OFFICIAL SECURITY BLOG

We’ve moved! You can now read the latest and greatest on Mac adware and malware at Malwarebytes.

Java falls three times at Pwn2Own

Published March 7th, 2013 at 5:12 PM EST , modified March 7th, 2013 at 5:12 PM EST

Every year, at the CanSecWest security conference, an infamous competition is held, called Pwn2Own. The basic idea of the contest is to “pwn,” or hack, different web browsers or technologies. Hacks must involve previously unknown vulnerabilities, and winners not only get a sizable cash prize, but they also win the computer that they hacked (thus the “Pwn2Own” name).
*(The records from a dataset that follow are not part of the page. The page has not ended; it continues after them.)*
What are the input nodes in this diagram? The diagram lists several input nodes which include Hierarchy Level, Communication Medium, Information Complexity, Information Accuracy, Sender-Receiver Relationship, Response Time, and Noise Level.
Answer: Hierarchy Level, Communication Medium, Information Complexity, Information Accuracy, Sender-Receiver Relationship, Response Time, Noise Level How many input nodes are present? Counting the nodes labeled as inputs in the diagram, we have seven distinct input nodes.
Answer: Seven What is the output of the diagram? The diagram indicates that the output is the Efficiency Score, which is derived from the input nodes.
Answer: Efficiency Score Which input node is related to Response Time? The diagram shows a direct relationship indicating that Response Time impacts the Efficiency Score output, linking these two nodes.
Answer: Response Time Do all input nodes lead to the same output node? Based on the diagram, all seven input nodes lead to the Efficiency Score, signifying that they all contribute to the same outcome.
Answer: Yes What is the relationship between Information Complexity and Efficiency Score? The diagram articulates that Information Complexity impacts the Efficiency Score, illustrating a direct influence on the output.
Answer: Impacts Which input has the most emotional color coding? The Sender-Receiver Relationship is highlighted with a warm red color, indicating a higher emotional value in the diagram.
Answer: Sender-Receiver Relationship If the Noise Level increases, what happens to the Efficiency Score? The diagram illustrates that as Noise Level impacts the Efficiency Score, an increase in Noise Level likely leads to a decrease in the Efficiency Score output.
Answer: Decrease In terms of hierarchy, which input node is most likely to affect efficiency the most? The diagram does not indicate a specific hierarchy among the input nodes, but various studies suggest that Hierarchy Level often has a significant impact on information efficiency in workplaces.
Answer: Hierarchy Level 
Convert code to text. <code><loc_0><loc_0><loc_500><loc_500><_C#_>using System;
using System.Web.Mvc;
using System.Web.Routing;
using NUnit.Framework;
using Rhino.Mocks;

Yesterday, on the first day of the competition, Java itself was on the list of targets, and it found itself skewered not once, not twice, but a total of three times. No big surprise for those of us who have been covering Java vulnerabilities for a while, but it does mean we’re likely to see another round of Java updates and Apple disabling the vulnerable versions of Java. Worse, Oracle has threatened that the last version of Java 6 was the last one, so those reliant on Java may find that Apple washes their hands of Java 6 for good.

As always, quit using Java if you can, and if you can’t, you’re going to need to start taking some fairly extreme precautions. See Java is vulnerable… Again?!

Tags: ,

9 Comments

  • Someone says:

    This honestly is getting ridiculous. I mean, how obvious do we have to make it that Java is unsafe?

  • aalien says:

    “Java itself was on the list of targets” — ahahahahahahahahahahahahah

    I’m laughing so much, really! ahahahahahahahah

  • aalien says:

    “so those reliant on Java may find that Apple washes their hands of Java 6 for good” — Didn’t Apple already discarded Java?
    My 10.8.2 didn’t come with Java…

    What do you mean with that statement? Will Apple completely disable Java even if the user wants to install it manually?

    • Thomas says:

      Apple doesn’t have Java installed by default anymore, but the capacity to automatically install Java 6 as needed still exists in Mac OS X 10.8.2. If Java 6 stops getting updated, however, I could see Apple eliminating their support for Java 6 entirely, and requiring that anyone who wants Java gets Java 7 from Oracle. Of course, I have no special knowledge of Apple’s plans, so this is just speculation.

      • aalien says:

        Yes… That makes sense for me!
        Maybe they should made that some time ago. Possibly we will se that in next OS update…

      • Someone says:

        Well, that idea makes sense. It logically follows the progression of Apple’s Flashback-induced distancing from Oracle.

  • Colstan says:

    On an optimistic note, I would point out that Mac OS X was not compromised at Pwn2Own. None of the researchers attempted to compromise the MacBook Pro that was offered, that came along with a substantial cash prize, not to mention the prestige that comes with compromising a Mac. This is a good sign that Apple has locked down OS X reasonably well with Mountain Lion; apparently nobody had a ready exploit available. This is particularly interesting, in that Mountain Lion itself hasn’t had a major security patch since September, and Safari hasn’t had a patch since November 1st. Many of the software vendors patched their software before the contest, Apple did not. 10.8.3 should be out soon, but if they were concerned with the contest, then perhaps they would have released it earlier. They have done so before past competitions.

    So, I’m not saying we should be complacent, but the days of OS X itself being a ripe target for security researchers are perhaps over. Sandboxing, Gatekeeper, and other security measures have gotten some criticism, but they work. It’s now about securing Java, Flash, Adobe Reader, Office and other third-party applications. Apple has responded quickly in blocking vulnerable versions of Flash and Java, but they still remain exploit targets on all platforms.

This post is more than 90 days old and has been locked. No further comments are allowed.